[Start of section]

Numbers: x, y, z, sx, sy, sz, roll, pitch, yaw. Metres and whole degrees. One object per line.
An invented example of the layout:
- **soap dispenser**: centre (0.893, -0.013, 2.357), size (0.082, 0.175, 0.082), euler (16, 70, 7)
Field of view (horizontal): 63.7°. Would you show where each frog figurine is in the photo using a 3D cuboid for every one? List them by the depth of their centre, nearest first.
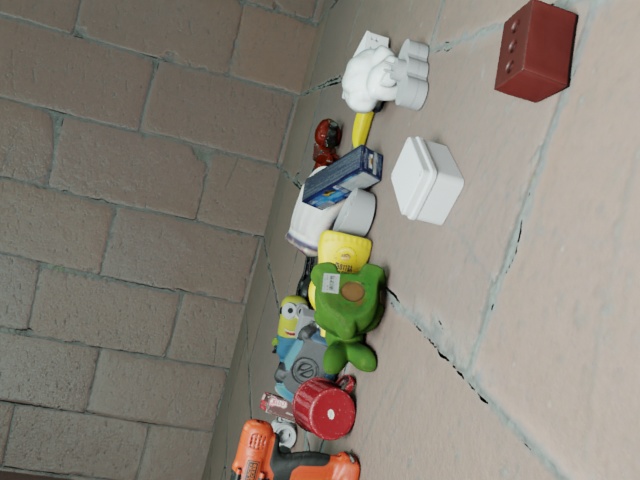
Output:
- **frog figurine**: centre (0.104, -0.313, 1.015), size (0.136, 0.122, 0.161), euler (-53, 6, 14)

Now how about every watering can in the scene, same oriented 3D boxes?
- **watering can**: centre (0.004, -0.062, 1.240), size (0.351, 0.104, 0.223), euler (-138, 65, -68)

[End of section]

* **What you are asked to do**
When you repeat the material above, keep every word exact and leave out the pictures.

* **Answer**
Numbers: x, y, z, sx, sy, sz, roll, pitch, yaw. Metres and whole degrees. One object per line.
An invented example of the layout:
- **soap dispenser**: centre (0.893, -0.013, 2.357), size (0.082, 0.175, 0.082), euler (16, 70, 7)
Field of view (horizontal): 63.7°. Would you show where each frog figurine is in the photo using a 3D cuboid for every one? List them by the depth of their centre, nearest first.
Output:
- **frog figurine**: centre (0.104, -0.313, 1.015), size (0.136, 0.122, 0.161), euler (-53, 6, 14)

Now how about every watering can in the scene, same oriented 3D boxes?
- **watering can**: centre (0.004, -0.062, 1.240), size (0.351, 0.104, 0.223), euler (-138, 65, -68)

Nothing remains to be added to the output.